[Task details] Give an exact reproduction of the lines from the one with "Order: left to right." to the final line of the entries below, both ends included, and omit the pictures.

[Items listed in a dataset]

□ □ □ □ □ □ □

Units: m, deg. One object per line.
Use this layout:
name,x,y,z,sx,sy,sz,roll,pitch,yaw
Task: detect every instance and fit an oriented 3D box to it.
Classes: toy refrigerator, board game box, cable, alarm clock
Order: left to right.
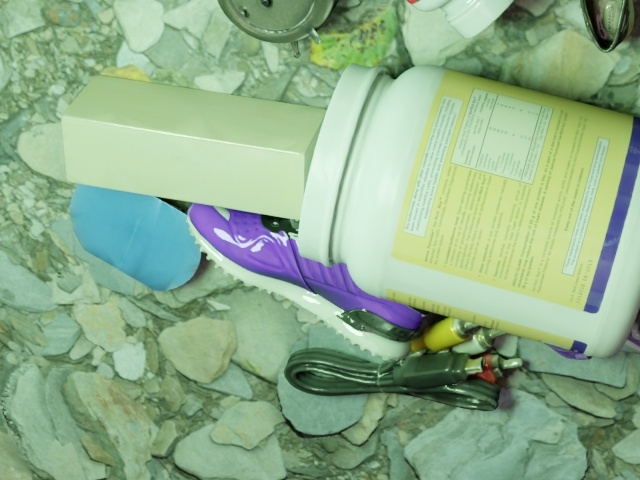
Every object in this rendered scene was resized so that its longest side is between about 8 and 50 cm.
board game box,-0.210,-0.017,1.756,0.168,0.033,0.133,30,132,3
toy refrigerator,-0.134,-0.099,1.632,0.269,0.102,0.094,9,125,11
alarm clock,-0.058,-0.277,1.516,0.192,0.064,0.129,45,124,-10
cable,0.101,0.149,1.770,0.287,0.072,0.139,-8,138,36

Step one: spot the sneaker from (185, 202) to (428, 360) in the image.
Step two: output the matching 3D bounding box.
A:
sneaker,0.000,0.000,1.666,0.293,0.102,0.146,29,113,2

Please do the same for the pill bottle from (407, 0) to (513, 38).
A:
pill bottle,0.104,-0.282,1.430,0.180,0.108,0.108,43,125,-12

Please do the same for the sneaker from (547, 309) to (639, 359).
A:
sneaker,0.304,0.088,1.631,0.236,0.095,0.104,16,133,13

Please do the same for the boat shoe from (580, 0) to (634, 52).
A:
boat shoe,0.271,-0.252,1.433,0.056,0.049,0.152,-6,120,22

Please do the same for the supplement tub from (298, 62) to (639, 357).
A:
supplement tub,0.164,-0.037,1.492,0.331,0.241,0.241,16,126,7

□ □ □ □ □ □ □

[Result of the exercise]
Order: left to right.
Every object in this rendered scene was resized so that its longest side is between about 8 and 50 cm.
board game box,-0.210,-0.017,1.756,0.168,0.033,0.133,30,132,3
toy refrigerator,-0.134,-0.099,1.632,0.269,0.102,0.094,9,125,11
alarm clock,-0.058,-0.277,1.516,0.192,0.064,0.129,45,124,-10
cable,0.101,0.149,1.770,0.287,0.072,0.139,-8,138,36

Step one: spot the sneaker from (185, 202) to (428, 360) in the image.
Step two: output the matching 3D bounding box.
A:
sneaker,0.000,0.000,1.666,0.293,0.102,0.146,29,113,2

Please do the same for the pill bottle from (407, 0) to (513, 38).
A:
pill bottle,0.104,-0.282,1.430,0.180,0.108,0.108,43,125,-12

Please do the same for the sneaker from (547, 309) to (639, 359).
A:
sneaker,0.304,0.088,1.631,0.236,0.095,0.104,16,133,13

Please do the same for the boat shoe from (580, 0) to (634, 52).
A:
boat shoe,0.271,-0.252,1.433,0.056,0.049,0.152,-6,120,22

Please do the same for the supplement tub from (298, 62) to (639, 357).
A:
supplement tub,0.164,-0.037,1.492,0.331,0.241,0.241,16,126,7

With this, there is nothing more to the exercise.